Chiude la serata l’esibizione di Dalila Kayros e che tornano in città dopo l’esibizione al Karel Music Expo. La sala è stracolma e si avverte una strana e piacevole sensazione di dolce attesa che verrà ampiamente ripagata da un set davvero fuori dall’ordinario. Il concerto è preparato e pensato nei minimi dettagli sia nella scelta delle composizioni sia nella parte visual che aggiunge emozione all’emozione. Dalila Kayros si presenta attraversando la sala con la sua voce e il suo portamento da signora delle tenebre e poi, affiancata dai ritmi prodotti da Danilo Casti, è solo magia. Un’unica lunga suite che raccoglie frammenti delle composizioni presenti in Animami ma si spinge molto oltre con un approccio che ridefinisce i confini del suono e le possibilità della voce e delle macchine. Lei non si risparmia, è totalmente immersa in questa dimensione religiosa e ieratica: urla, piange, sussurra, parla, recita, evoca spettri e fantasmi, invoca qualcosa che non è dato conoscere. Una performance che si incunea nelle zone grigie dell’anima, che fa riaffiorare ricordi che si palesano spaventosi e inaspettati e costringe a ripensare il proprio statuto di esseri umani. E mai come in questo frangente si arriva al termine della notte con la sensazione di essere fortunati, molto fortunati a poter assistere a spettacoli così viscerali, umani e sovrumani, e perdersi in questo vortice di suoni e tormenti elettronici.
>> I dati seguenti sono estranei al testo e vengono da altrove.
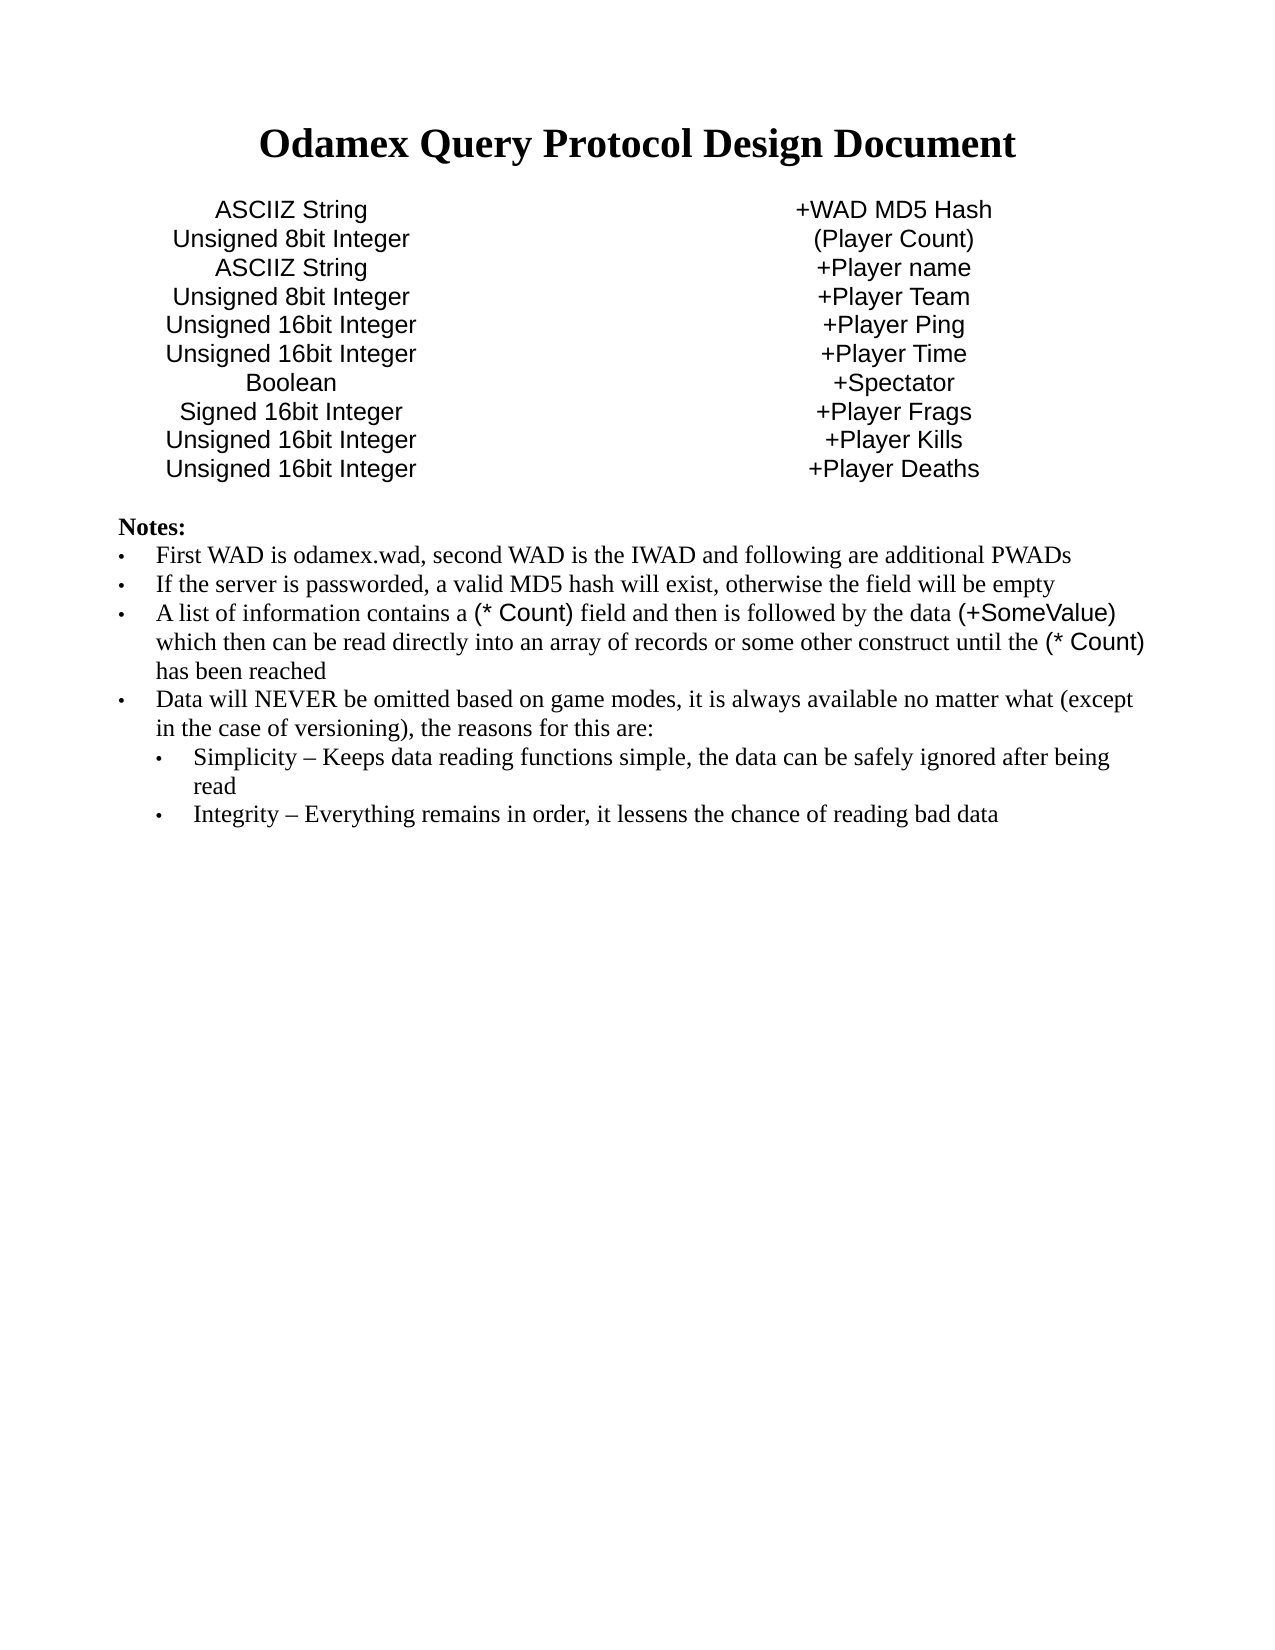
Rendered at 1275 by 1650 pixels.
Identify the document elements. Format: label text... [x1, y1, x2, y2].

table_cell [464, 454, 631, 483]
table_cell +Player name [631, 253, 1157, 282]
table_cell [464, 339, 631, 368]
table_cell [464, 397, 631, 426]
table_cell ASCIIZ String [118, 196, 464, 224]
table_cell Unsigned 16bit Integer [118, 339, 464, 368]
table_cell +Player Deaths [631, 454, 1157, 483]
text Notes: [118, 512, 1157, 541]
list If the server is passworded, a valid MD5 hash will exist, otherwise the field will be empty [118, 569, 1157, 598]
table_cell Unsigned 8bit Integer [118, 224, 464, 253]
list Data will NEVER be omitted based on game modes, it is always available no matter what (except in the case of versioning), the reasons for this are: [118, 684, 1157, 742]
table_cell Unsigned 16bit Integer [118, 454, 464, 483]
table_cell +Player Kills [631, 426, 1157, 454]
table_cell [464, 224, 631, 253]
table_cell Signed 16bit Integer [118, 397, 464, 426]
table_cell (Player Count) [631, 224, 1157, 253]
table_cell +Player Time [631, 339, 1157, 368]
table_cell +Player Ping [631, 311, 1157, 339]
list A list of information contains a (* Count) field and then is followed by the data (+SomeValue) which then can be read directly into an array of records or some other construct until the (* Count) has been reached [118, 598, 1157, 684]
list Simplicity – Keeps data reading functions simple, the data can be safely ignored after being read [156, 742, 1157, 799]
list First WAD is odamex.wad, second WAD is the IWAD and following are additional PWADs [118, 541, 1157, 569]
table_cell [464, 282, 631, 311]
table_cell [464, 426, 631, 454]
table_cell Unsigned 16bit Integer [118, 426, 464, 454]
table_cell +Player Frags [631, 397, 1157, 426]
table_cell Boolean [118, 368, 464, 397]
list Integrity – Everything remains in order, it lessens the chance of reading bad data [156, 799, 1157, 828]
table_cell [464, 368, 631, 397]
table_cell +WAD MD5 Hash [631, 196, 1157, 224]
table_cell Unsigned 8bit Integer [118, 282, 464, 311]
table_cell [464, 253, 631, 282]
table_cell [464, 196, 631, 224]
table_cell +Player Team [631, 282, 1157, 311]
table_cell [464, 311, 631, 339]
table_cell ASCIIZ String [118, 253, 464, 282]
table_cell Unsigned 16bit Integer [118, 311, 464, 339]
table_cell +Spectator [631, 368, 1157, 397]
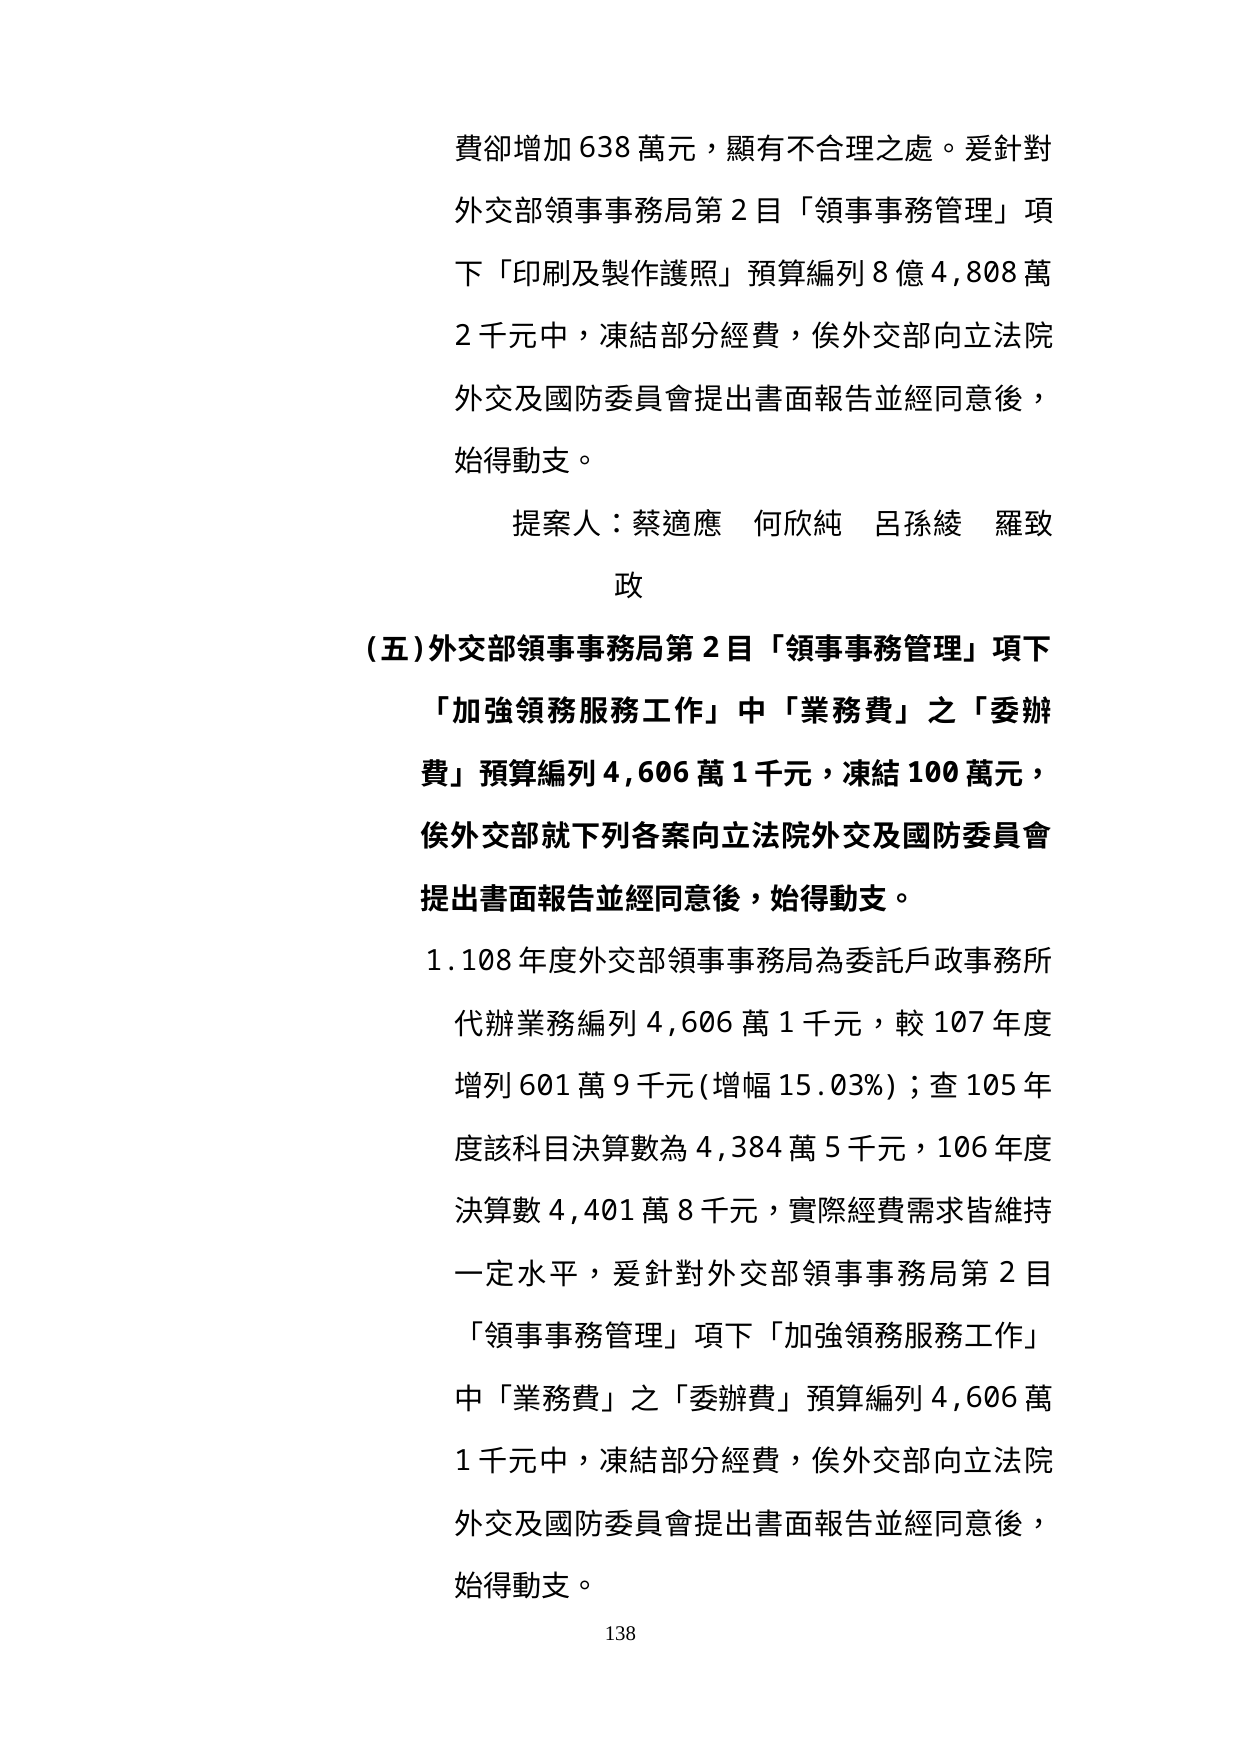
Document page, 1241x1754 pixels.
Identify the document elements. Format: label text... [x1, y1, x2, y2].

text 費卻增加638萬元，顯有不合理之處。爰針對外交部領事事務局第2目「領事事務管理」項下「印刷及製作護照」預算編列8億4,808萬2千元中，凍結部分經費，俟外交部向立法院外交及國防委員會提出書面報告並經同意後，始得動支。 [425, 105, 1053, 480]
text 提案人：蔡適應 何欣純 呂孫綾 羅致政 [512, 480, 1053, 605]
text 1.108年度外交部領事事務局為委託戶政事務所代辦業務編列4,606萬1千元，較107年度增列601萬9千元(增幅15.03%)；查105年度該科目決算數為4,384萬5千元，106年度決算數4,401萬8千元，實際經費需求皆維持一定水平，爰針對外交部領事事務局第2目「領事事務管理」項下「加強領務服務工作」中「業務費」之「委辦費」預算編列4,606萬1千元中，凍結部分經費，俟外交部向立法院外交及國防委員會提出書面報告並經同意後，始得動支。 [425, 917, 1053, 1605]
text (五)外交部領事事務局第2目「領事事務管理」項下「加強領務服務工作」中「業務費」之「委辦費」預算編列4,606萬1千元，凍結100萬元，俟外交部就下列各案向立法院外交及國防委員會提出書面報告並經同意後，始得動支。 [362, 605, 1053, 917]
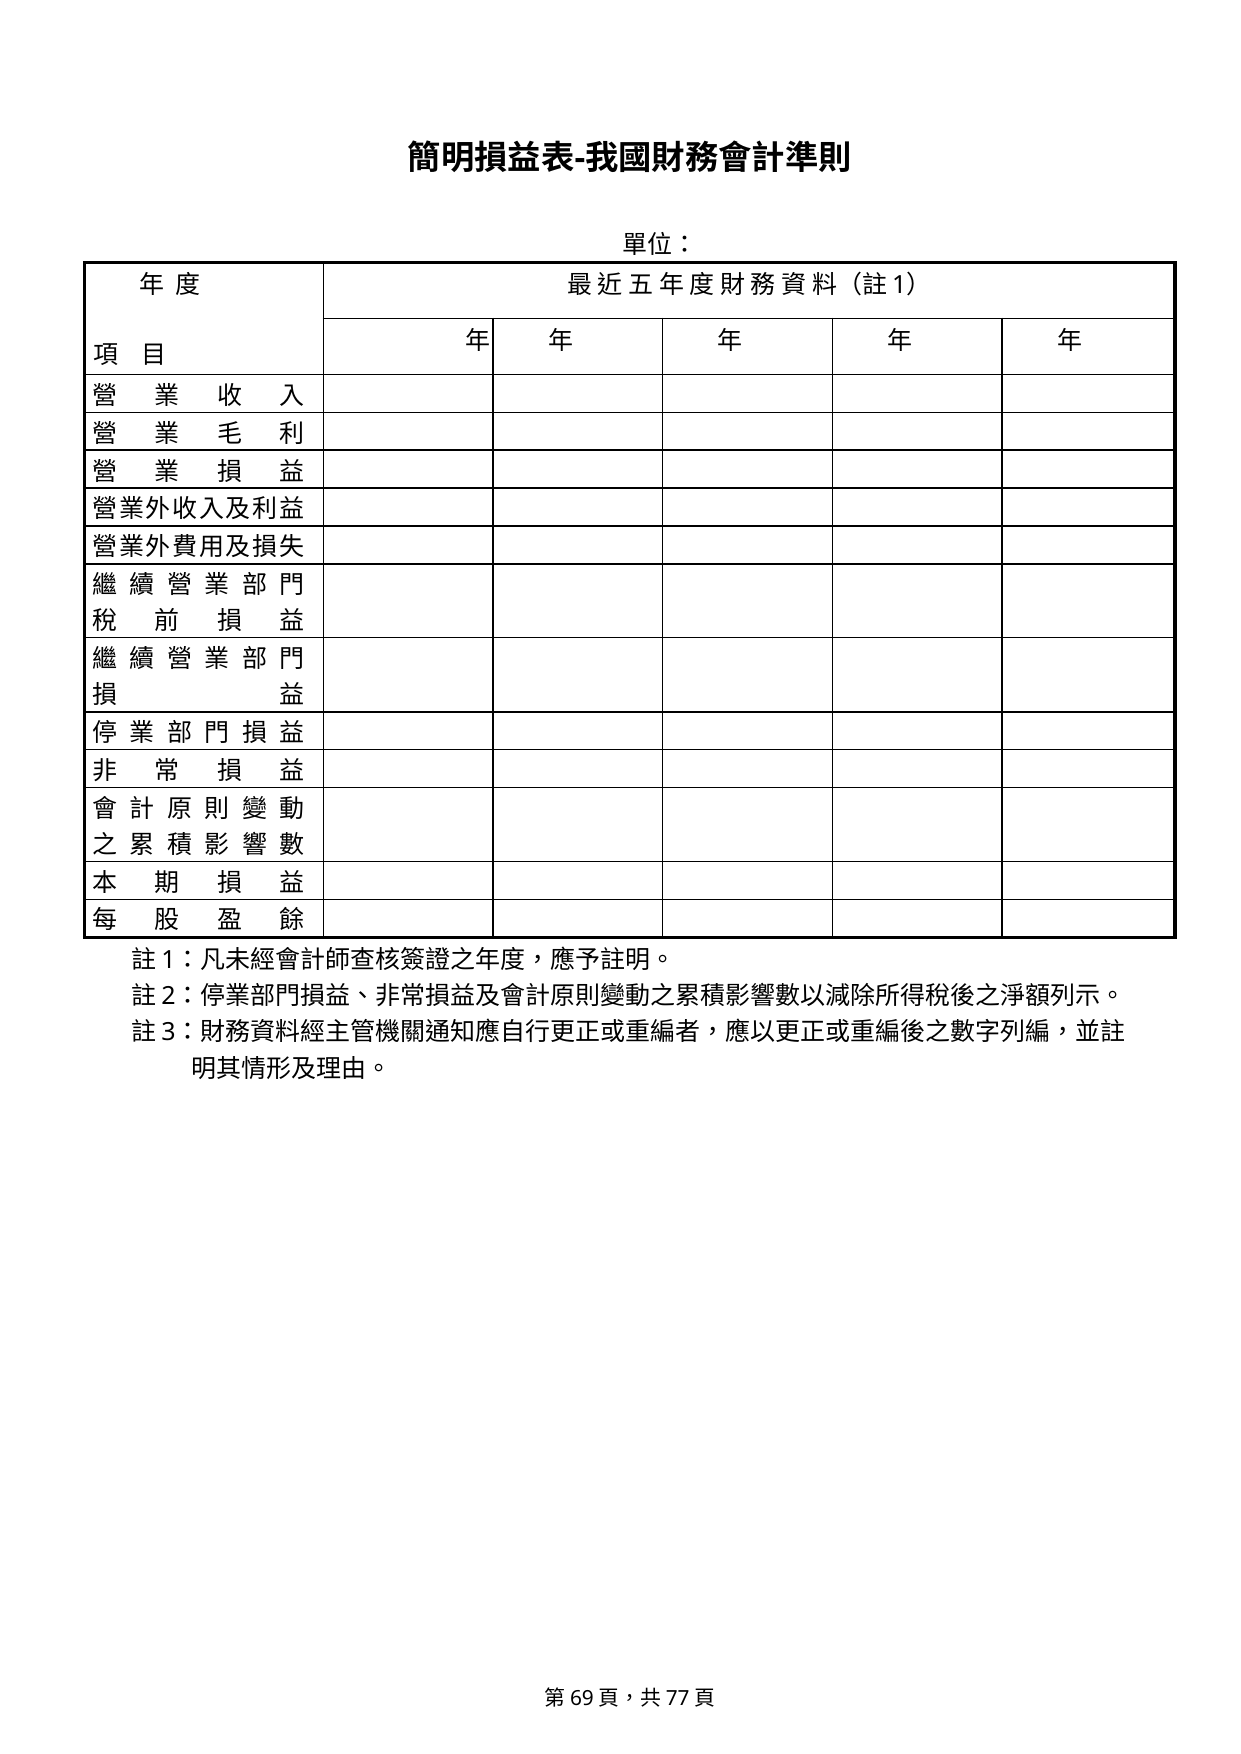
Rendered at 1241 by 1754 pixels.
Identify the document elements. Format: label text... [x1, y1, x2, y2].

table_cell [494, 375, 662, 412]
table_cell [833, 788, 1001, 861]
table_cell 年 [833, 319, 1001, 374]
table_cell 繼續營業部門 稅前損益 [86, 565, 323, 637]
table_cell [663, 527, 832, 563]
table_cell [324, 489, 492, 525]
table_cell [324, 900, 492, 936]
table_cell [1003, 451, 1173, 487]
table_cell [1003, 862, 1173, 898]
table_cell [1003, 750, 1173, 787]
table_cell 每股盈餘 [86, 900, 323, 936]
table_cell 營業收入 [86, 375, 323, 412]
table_cell 繼續營業部門 損益 [86, 638, 323, 711]
table_cell [494, 713, 662, 749]
table_cell 會計原則變動 之累積影響數 [86, 788, 323, 861]
table_cell [663, 565, 832, 637]
table_cell 年 [494, 319, 662, 374]
table_cell [663, 638, 832, 711]
text 註2：停業部門損益、非常損益及會計原則變動之累積影響數以減除所得稅後之淨額列示。 [131, 976, 1128, 1012]
table_cell [1003, 489, 1173, 525]
table_cell [324, 862, 492, 898]
table_cell 營業損益 [86, 451, 323, 487]
table_cell [663, 750, 832, 787]
table_cell 營業毛利 [86, 413, 323, 449]
table_cell [494, 788, 662, 861]
table_cell [833, 638, 1001, 711]
table_cell [1003, 527, 1173, 563]
table_cell [1003, 638, 1173, 711]
table_cell [1003, 788, 1173, 861]
table_cell [833, 413, 1001, 449]
table_cell [833, 900, 1001, 936]
table_cell [663, 413, 832, 449]
table_cell [833, 565, 1001, 637]
table_cell 年 [663, 319, 832, 374]
table_cell [494, 451, 662, 487]
table_cell [833, 489, 1001, 525]
text 簡明損益表-我國財務會計準則 [131, 131, 1128, 179]
text 單位： [284, 225, 1094, 261]
table_cell [494, 489, 662, 525]
table_cell [324, 413, 492, 449]
table_header 年 度 項 目 [86, 264, 323, 374]
table_cell 停業部門損益 [86, 713, 323, 749]
table_cell [324, 713, 492, 749]
table_cell [494, 862, 662, 898]
table_cell [663, 900, 832, 936]
table_cell [324, 750, 492, 787]
table_cell [494, 527, 662, 563]
table_cell [663, 375, 832, 412]
table_header 最 近 五 年 度 財 務 資 料（註1） [324, 264, 1173, 317]
table_cell [494, 750, 662, 787]
table_cell [1003, 375, 1173, 412]
table_cell [833, 375, 1001, 412]
table_cell [324, 451, 492, 487]
text 註3：財務資料經主管機關通知應自行更正或重編者，應以更正或重編後之數字列編，並註明其情形及理由。 [131, 1012, 1128, 1084]
table_cell [324, 788, 492, 861]
table_cell [324, 527, 492, 563]
table_cell [833, 451, 1001, 487]
table_cell [494, 638, 662, 711]
table_cell [663, 788, 832, 861]
table_cell 年 [324, 319, 492, 374]
table_cell [663, 451, 832, 487]
table_cell 非常損益 [86, 750, 323, 787]
text 註1：凡未經會計師查核簽證之年度，應予註明。 [131, 939, 1128, 976]
table_cell [833, 862, 1001, 898]
table_cell [833, 527, 1001, 563]
table_cell 營業外費用及損失 [86, 527, 323, 563]
table_cell [324, 565, 492, 637]
table_cell [833, 713, 1001, 749]
table_cell [1003, 413, 1173, 449]
table_cell [1003, 900, 1173, 936]
table_cell 營業外收入及利益 [86, 489, 323, 525]
table_cell [1003, 713, 1173, 749]
table_cell [663, 713, 832, 749]
table_cell [1003, 565, 1173, 637]
table_cell [663, 862, 832, 898]
table_cell [663, 489, 832, 525]
table_cell [494, 565, 662, 637]
table_cell [494, 413, 662, 449]
table_cell [324, 375, 492, 412]
table_cell [494, 900, 662, 936]
table_cell [833, 750, 1001, 787]
table_cell 年 [1003, 319, 1173, 374]
table_cell 本期損益 [86, 862, 323, 898]
table_cell [324, 638, 492, 711]

Signal Reload - Foto di Sara Deidda
Signal Reload – Foto di Sara Deidda

Per me il festival è finito qui con la certezza di aver vissuto una delle più riuscite edizioni di Signal. Peccato non aver visto tutto ma chi ci è stato mi ha confermato che ogni serata è stata perfetta e magica. D’altronde i nomi a cui mi riferisco sono questi: Alessandro Perra, Giorgia Pintus, la formazione Los Sara Fontan, l’Ensemble KÁTA STRÒFE, il progetto Menion creato da Stefano Ferrari, Daniele Ledda con Clavius, Stromboli, Davide Collu, Roberto Musanti, , Bruce Fuckstain, Marco Manconi. Qualcosa l’avrò dimenticata e magari qualche ricordo si è modificato nel turbine degli eventi ma vi assicuro che non è stato facile smaltire tante emozioni concentrate in così poco tempo.